Naming of the other metallic colors
SILVER and COPPER were also used for highly specular stimuli. The consistency, consensus, and reaction time for SILVER were comparable to those for GOLD and the basic color terms, so it can be said that SILVER also possesses categorical properties. On the other hand, the consistency and consensus for COPPER were lower and the reaction time was longer than those of the basic color terms, indicating that COPPER is not as clearly perceived categorically as the basic color terms. This may be related to the fact that objects made of copper are usually tarnished or oxidized, so we seldom encounter shiny copper objects. The naming of COPPER may be facilitated for images with textured patterns akin to oxidation, which would be in line with the previous finding that textural information facilitates the constant color perception of familiar objects (Hansen, Olkkonen, Walter, & Gegenfurtner, 2006; Olkkonen, Hansen, & Gegenfurtner, 2008). 
Some basic color terms such as green and pink were also used for stimuli with high specular reflectance. There were no color terms specifically used for glossy surfaces in the range of colors named green or pink as examined in Experiment 3. In the natural environment, metals are the most common materials with high specular reflectance, but the colors of metals are restricted to the range of red, yellow, and white by the physical properties of metal, which make the reflectance of metals higher for longer wavelengths (Cox, 1987).
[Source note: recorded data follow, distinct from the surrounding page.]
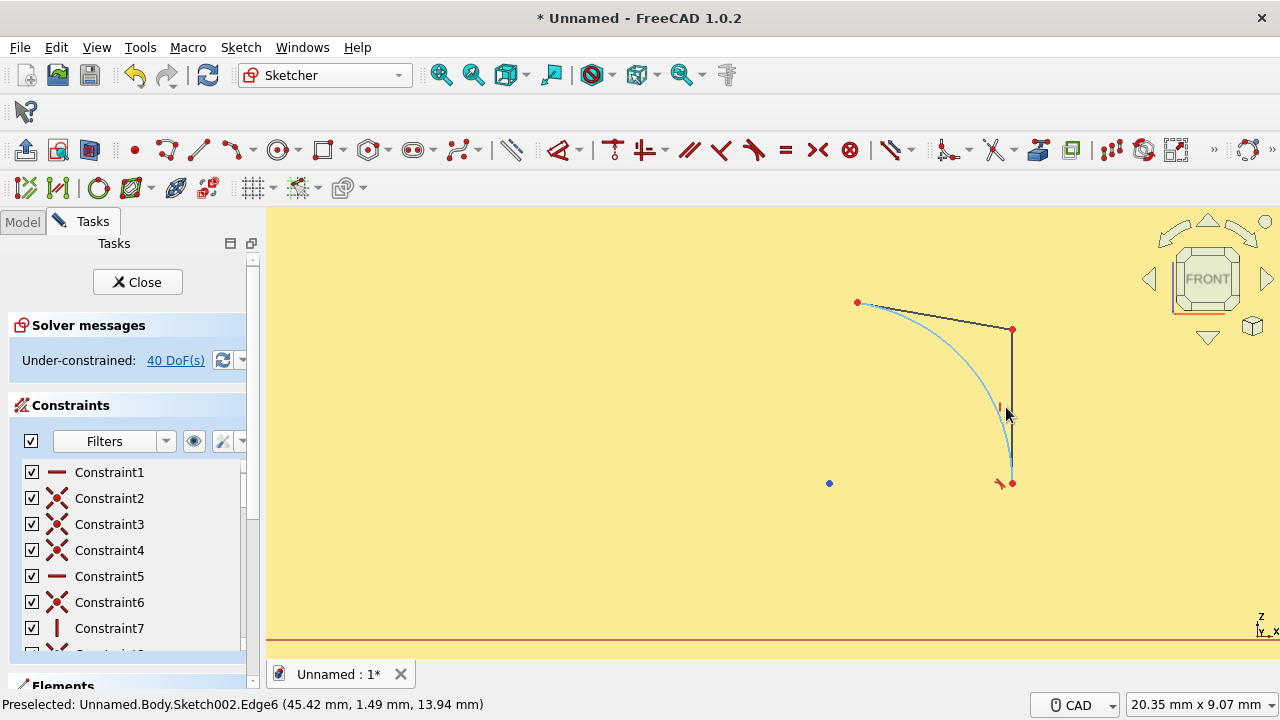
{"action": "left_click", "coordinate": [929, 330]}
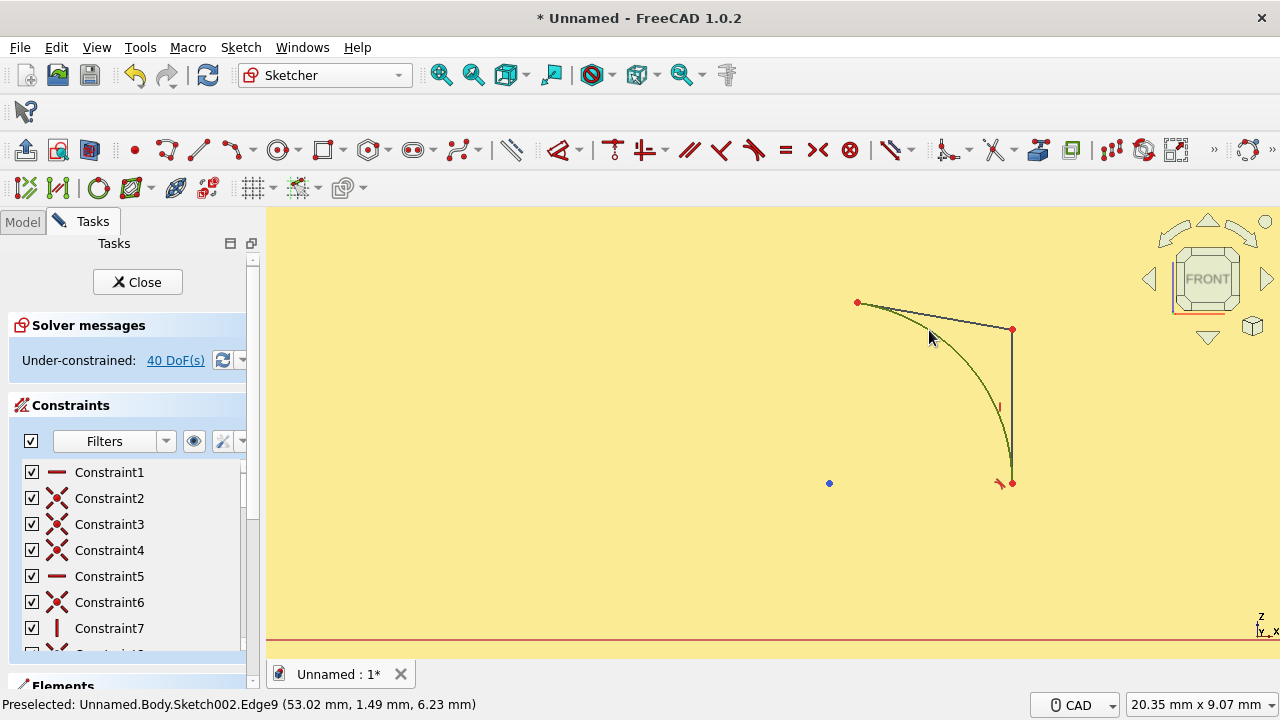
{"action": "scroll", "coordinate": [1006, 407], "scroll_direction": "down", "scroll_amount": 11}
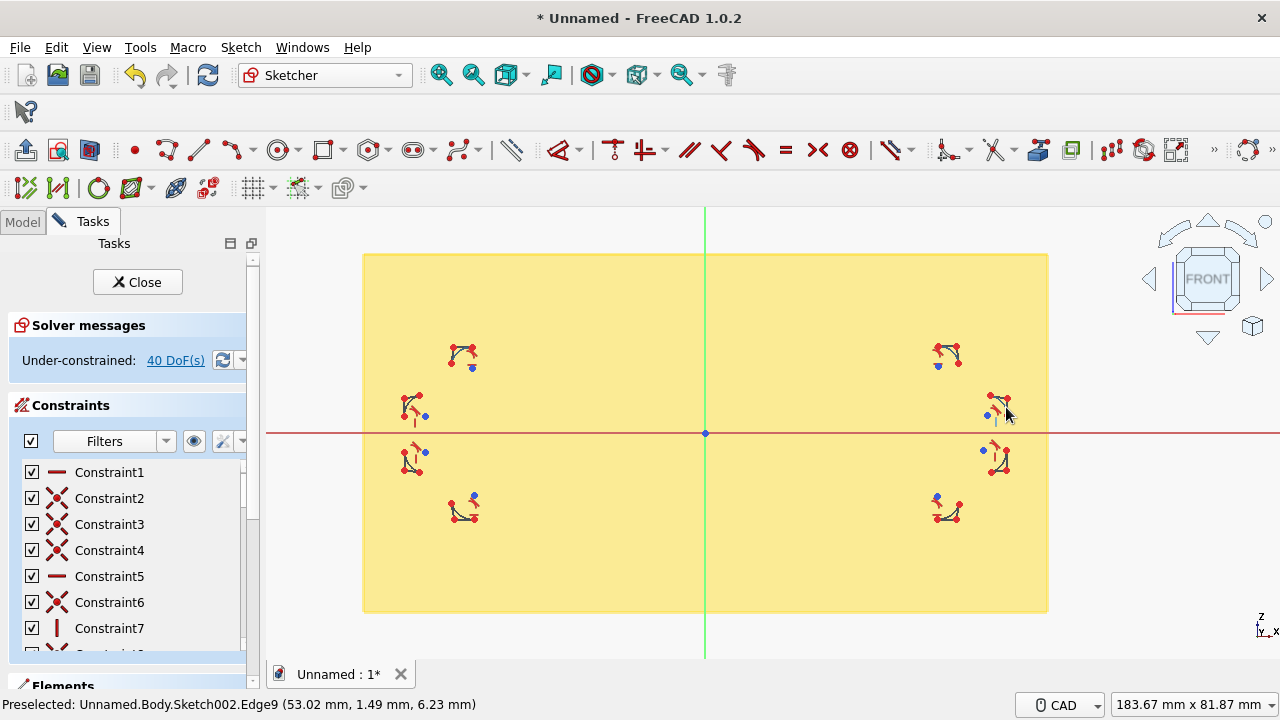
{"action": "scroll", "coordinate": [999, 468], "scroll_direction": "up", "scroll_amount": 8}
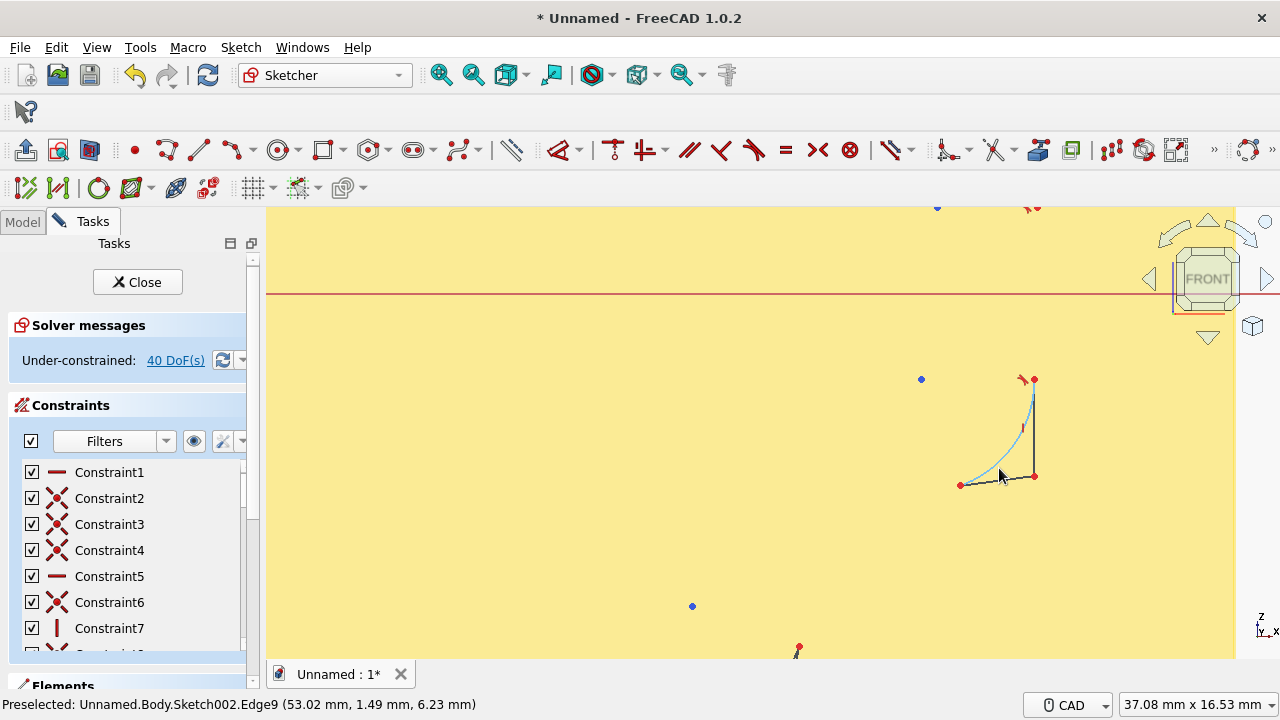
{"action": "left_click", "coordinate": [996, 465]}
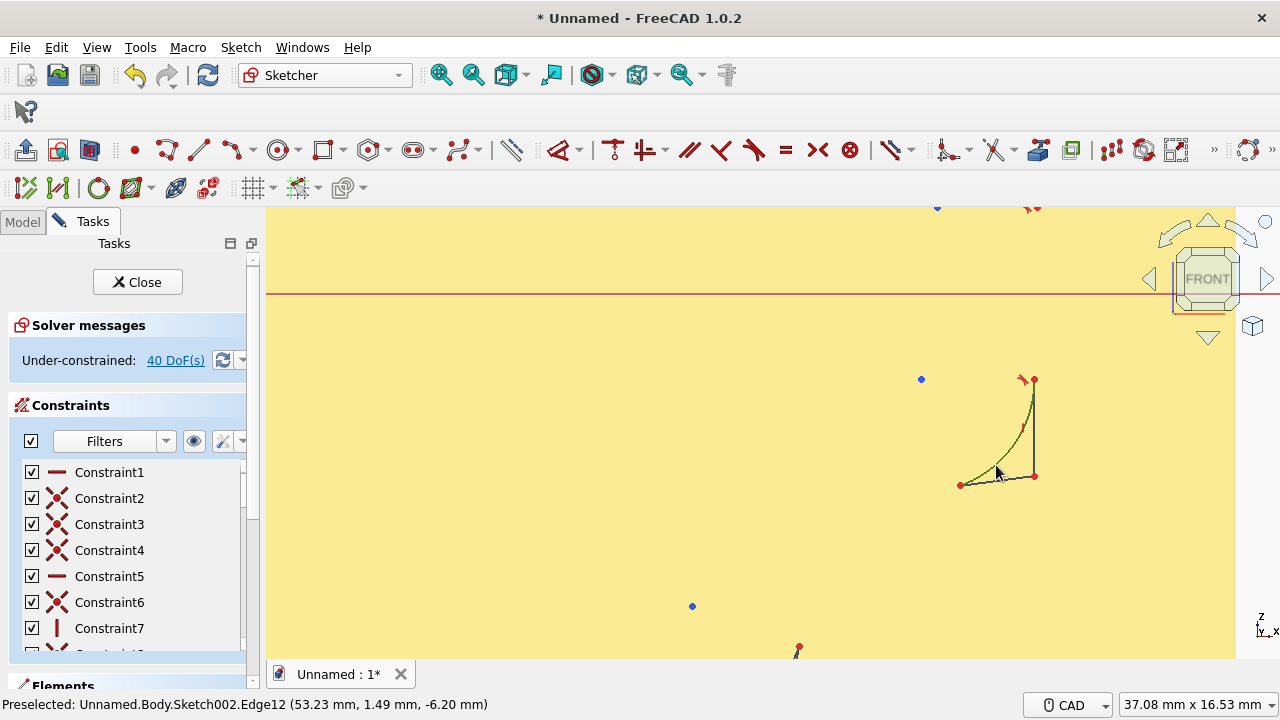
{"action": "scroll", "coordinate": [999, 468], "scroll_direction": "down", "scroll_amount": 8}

In other words, metals in the natural environment rarely reflect only mid-wavelength (green) or short-wavelength (blue) light or absorb only mid-wavelength light (pink). The absence of color terms specifically used for green and pink glossy surfaces is likely related to this reality. 
Relation between the categorical nature of GOLD and other perceptual attributes
This study examined the color naming of stimuli with different surface reflectances. To characterize the gloss, we used combinations of two parameters: diffuse and specular reflectance. In typical reflectance models, however, at least three parameters are used to describe surface gloss (diffuse reflectance, specular reflectance, and roughness in the Ward–Duer model used in this study). Examining the distributions of GOLD and SILVER within all three of these dimensions of reflectance space will further our understanding of the relationship between physical parameters and perceptual qualities (Nishizawa, 2007; Nishizawa et al., 2006). It would also be of interest to map GOLD and SILVER in a perceptual gloss space. A previous study defined a perceptually uniform 2D glossiness space by examining the dimensionality of perceived glossiness using the multidimensional scaling method (Ferwerda et al., 2001). By taking advantage of this space, it would be possible to compare categorical color naming and the perceptual uniformity of glossiness space. For the basic color terms, it has been shown that color category affects various cognitive tasks related to color vision, such as color discrimination (Özgen & Davies, 2002), color memory (Uchikawa & Shinoda, 1996), and visual search (Yokoi & Uchikawa, 2005). Whether these effects can also be observed with GOLD and SILVER remains an open question. 
Our focus in this study was on GOLD, which can be defined based on surface gloss, though there are numerous other surface attributes, such as transparency (Fleming & Bülthoff, 2005; Motoyoshi, 2010) or texture (Ho, Landy, & Maloney, 2008), that can affect color naming. Although an increasing number of studies have focused on the perception of these complex surface attributes or the perception of materials (Adelson, 2001; Fleming & Bülthoff, 2005; Kim & Anderson, 2010; Motoyoshi, Nishida, Sharan, & Adelson, 2007; Nishida & Shinya, 1998; Wendt, Faul, Ekroll, & Mausfeld, 2010), the categorical nature of these attributes has gone unexplored, aside from a few recent studies (Sharan, Rosenholtz, & Adelson, 2009; Wolfe & Myers, 2010). If we can successfully manipulate the aforementioned surface attributes parametrically, it should be possible to examine the categorical properties not only of color terms but also material names using a naming procedure like that used in the present study. 
Appendix A
Table A1
 
The number of times a categorical color name was applied to each color and the mean reaction time for each stimulus in Experiment 1. Only the results for saturated colors are shown because the number of stimuli is large.
Table A1
 
The number of times a categorical color name was applied to each color and the mean reaction time for each stimulus in Experiment 1. Only the results for saturated colors are shown because the number of stimuli is large.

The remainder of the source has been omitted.